--- AIM OF THE TASK ---
Give the data again in full. Keep every line the same.

(Items from a dataset)
------
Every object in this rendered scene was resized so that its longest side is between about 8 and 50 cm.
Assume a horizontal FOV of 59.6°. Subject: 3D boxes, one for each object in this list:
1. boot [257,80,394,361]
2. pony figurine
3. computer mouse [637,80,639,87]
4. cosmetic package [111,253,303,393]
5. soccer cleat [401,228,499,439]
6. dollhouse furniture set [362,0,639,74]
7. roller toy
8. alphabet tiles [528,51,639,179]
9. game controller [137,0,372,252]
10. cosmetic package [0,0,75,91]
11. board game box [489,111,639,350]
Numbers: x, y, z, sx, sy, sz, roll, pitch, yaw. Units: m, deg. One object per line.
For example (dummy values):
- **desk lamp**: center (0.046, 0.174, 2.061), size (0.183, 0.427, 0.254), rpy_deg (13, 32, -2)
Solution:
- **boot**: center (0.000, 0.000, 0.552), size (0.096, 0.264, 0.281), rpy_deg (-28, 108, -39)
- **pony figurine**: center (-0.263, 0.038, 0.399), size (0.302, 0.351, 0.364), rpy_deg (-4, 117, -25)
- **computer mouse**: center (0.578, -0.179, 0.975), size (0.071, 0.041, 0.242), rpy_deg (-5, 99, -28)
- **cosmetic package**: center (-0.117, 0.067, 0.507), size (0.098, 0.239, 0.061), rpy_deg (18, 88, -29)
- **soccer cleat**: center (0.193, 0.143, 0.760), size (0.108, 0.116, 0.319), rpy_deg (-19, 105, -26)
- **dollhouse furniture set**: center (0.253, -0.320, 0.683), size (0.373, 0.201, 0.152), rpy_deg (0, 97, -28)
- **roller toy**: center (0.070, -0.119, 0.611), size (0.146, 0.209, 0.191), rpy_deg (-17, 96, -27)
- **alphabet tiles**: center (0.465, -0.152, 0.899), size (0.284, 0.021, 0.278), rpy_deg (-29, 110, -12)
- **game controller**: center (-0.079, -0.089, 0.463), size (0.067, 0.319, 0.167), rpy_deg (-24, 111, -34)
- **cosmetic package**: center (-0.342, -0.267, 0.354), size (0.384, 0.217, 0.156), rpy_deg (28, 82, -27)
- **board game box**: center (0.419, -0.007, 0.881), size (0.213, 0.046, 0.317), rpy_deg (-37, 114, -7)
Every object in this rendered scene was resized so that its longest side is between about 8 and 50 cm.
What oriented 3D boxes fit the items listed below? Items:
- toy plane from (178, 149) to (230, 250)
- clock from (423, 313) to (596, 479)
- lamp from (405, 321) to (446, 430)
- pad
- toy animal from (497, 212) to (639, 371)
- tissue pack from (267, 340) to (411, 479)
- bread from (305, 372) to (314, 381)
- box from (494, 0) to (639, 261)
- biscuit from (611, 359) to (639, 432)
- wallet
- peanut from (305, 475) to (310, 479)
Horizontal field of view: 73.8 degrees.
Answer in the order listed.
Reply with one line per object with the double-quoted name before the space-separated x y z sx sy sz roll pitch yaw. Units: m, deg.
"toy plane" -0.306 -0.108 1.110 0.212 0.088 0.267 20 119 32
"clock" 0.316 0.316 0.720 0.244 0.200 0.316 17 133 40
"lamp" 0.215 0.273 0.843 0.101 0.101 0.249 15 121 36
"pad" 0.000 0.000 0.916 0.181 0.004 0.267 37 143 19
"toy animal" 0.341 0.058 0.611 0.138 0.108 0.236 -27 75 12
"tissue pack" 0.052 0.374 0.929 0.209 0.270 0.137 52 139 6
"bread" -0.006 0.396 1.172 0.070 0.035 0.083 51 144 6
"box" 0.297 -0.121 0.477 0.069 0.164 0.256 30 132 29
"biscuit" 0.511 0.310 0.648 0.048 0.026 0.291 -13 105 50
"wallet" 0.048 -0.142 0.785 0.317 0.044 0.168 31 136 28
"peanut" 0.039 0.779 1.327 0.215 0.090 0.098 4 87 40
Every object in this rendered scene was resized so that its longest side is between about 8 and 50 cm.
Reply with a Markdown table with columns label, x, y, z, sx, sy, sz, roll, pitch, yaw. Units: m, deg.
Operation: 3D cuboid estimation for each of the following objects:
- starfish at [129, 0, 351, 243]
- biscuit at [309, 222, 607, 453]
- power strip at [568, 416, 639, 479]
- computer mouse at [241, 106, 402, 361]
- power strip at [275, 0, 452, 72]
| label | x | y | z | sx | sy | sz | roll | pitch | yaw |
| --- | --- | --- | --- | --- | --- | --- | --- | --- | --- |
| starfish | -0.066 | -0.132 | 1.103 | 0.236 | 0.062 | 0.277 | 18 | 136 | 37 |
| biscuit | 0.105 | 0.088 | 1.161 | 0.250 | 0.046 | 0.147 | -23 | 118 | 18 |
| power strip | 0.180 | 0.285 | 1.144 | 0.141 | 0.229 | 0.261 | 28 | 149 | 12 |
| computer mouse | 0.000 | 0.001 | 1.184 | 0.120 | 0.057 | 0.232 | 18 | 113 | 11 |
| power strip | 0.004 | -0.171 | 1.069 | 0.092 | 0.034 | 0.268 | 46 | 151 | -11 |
------
--- RESPONSE FOR THIS EXERCISE ---
Every object in this rendered scene was resized so that its longest side is between about 8 and 50 cm.
Assume a horizontal FOV of 59.6°. Subject: 3D boxes, one for each object in this list:
1. boot [257,80,394,361]
2. pony figurine
3. computer mouse [637,80,639,87]
4. cosmetic package [111,253,303,393]
5. soccer cleat [401,228,499,439]
6. dollhouse furniture set [362,0,639,74]
7. roller toy
8. alphabet tiles [528,51,639,179]
9. game controller [137,0,372,252]
10. cosmetic package [0,0,75,91]
11. board game box [489,111,639,350]
Numbers: x, y, z, sx, sy, sz, roll, pitch, yaw. Units: m, deg. One object per line.
For example (dummy values):
- **desk lamp**: center (0.046, 0.174, 2.061), size (0.183, 0.427, 0.254), rpy_deg (13, 32, -2)
Solution:
- **boot**: center (0.000, 0.000, 0.552), size (0.096, 0.264, 0.281), rpy_deg (-28, 108, -39)
- **pony figurine**: center (-0.263, 0.038, 0.399), size (0.302, 0.351, 0.364), rpy_deg (-4, 117, -25)
- **computer mouse**: center (0.578, -0.179, 0.975), size (0.071, 0.041, 0.242), rpy_deg (-5, 99, -28)
- **cosmetic package**: center (-0.117, 0.067, 0.507), size (0.098, 0.239, 0.061), rpy_deg (18, 88, -29)
- **soccer cleat**: center (0.193, 0.143, 0.760), size (0.108, 0.116, 0.319), rpy_deg (-19, 105, -26)
- **dollhouse furniture set**: center (0.253, -0.320, 0.683), size (0.373, 0.201, 0.152), rpy_deg (0, 97, -28)
- **roller toy**: center (0.070, -0.119, 0.611), size (0.146, 0.209, 0.191), rpy_deg (-17, 96, -27)
- **alphabet tiles**: center (0.465, -0.152, 0.899), size (0.284, 0.021, 0.278), rpy_deg (-29, 110, -12)
- **game controller**: center (-0.079, -0.089, 0.463), size (0.067, 0.319, 0.167), rpy_deg (-24, 111, -34)
- **cosmetic package**: center (-0.342, -0.267, 0.354), size (0.384, 0.217, 0.156), rpy_deg (28, 82, -27)
- **board game box**: center (0.419, -0.007, 0.881), size (0.213, 0.046, 0.317), rpy_deg (-37, 114, -7)
Every object in this rendered scene was resized so that its longest side is between about 8 and 50 cm.
What oriented 3D boxes fit the items listed below? Items:
- toy plane from (178, 149) to (230, 250)
- clock from (423, 313) to (596, 479)
- lamp from (405, 321) to (446, 430)
- pad
- toy animal from (497, 212) to (639, 371)
- tissue pack from (267, 340) to (411, 479)
- bread from (305, 372) to (314, 381)
- box from (494, 0) to (639, 261)
- biscuit from (611, 359) to (639, 432)
- wallet
- peanut from (305, 475) to (310, 479)
Horizontal field of view: 73.8 degrees.
Answer in the order listed.
Reply with one line per object with the double-quoted name before the space-separated x y z sx sy sz roll pitch yaw. Units: m, deg.
"toy plane" -0.306 -0.108 1.110 0.212 0.088 0.267 20 119 32
"clock" 0.316 0.316 0.720 0.244 0.200 0.316 17 133 40
"lamp" 0.215 0.273 0.843 0.101 0.101 0.249 15 121 36
"pad" 0.000 0.000 0.916 0.181 0.004 0.267 37 143 19
"toy animal" 0.341 0.058 0.611 0.138 0.108 0.236 -27 75 12
"tissue pack" 0.052 0.374 0.929 0.209 0.270 0.137 52 139 6
"bread" -0.006 0.396 1.172 0.070 0.035 0.083 51 144 6
"box" 0.297 -0.121 0.477 0.069 0.164 0.256 30 132 29
"biscuit" 0.511 0.310 0.648 0.048 0.026 0.291 -13 105 50
"wallet" 0.048 -0.142 0.785 0.317 0.044 0.168 31 136 28
"peanut" 0.039 0.779 1.327 0.215 0.090 0.098 4 87 40
Every object in this rendered scene was resized so that its longest side is between about 8 and 50 cm.
Reply with a Markdown table with columns label, x, y, z, sx, sy, sz, roll, pitch, yaw. Units: m, deg.
Operation: 3D cuboid estimation for each of the following objects:
- starfish at [129, 0, 351, 243]
- biscuit at [309, 222, 607, 453]
- power strip at [568, 416, 639, 479]
- computer mouse at [241, 106, 402, 361]
- power strip at [275, 0, 452, 72]
| label | x | y | z | sx | sy | sz | roll | pitch | yaw |
| --- | --- | --- | --- | --- | --- | --- | --- | --- | --- |
| starfish | -0.066 | -0.132 | 1.103 | 0.236 | 0.062 | 0.277 | 18 | 136 | 37 |
| biscuit | 0.105 | 0.088 | 1.161 | 0.250 | 0.046 | 0.147 | -23 | 118 | 18 |
| power strip | 0.180 | 0.285 | 1.144 | 0.141 | 0.229 | 0.261 | 28 | 149 | 12 |
| computer mouse | 0.000 | 0.001 | 1.184 | 0.120 | 0.057 | 0.232 | 18 | 113 | 11 |
| power strip | 0.004 | -0.171 | 1.069 | 0.092 | 0.034 | 0.268 | 46 | 151 | -11 |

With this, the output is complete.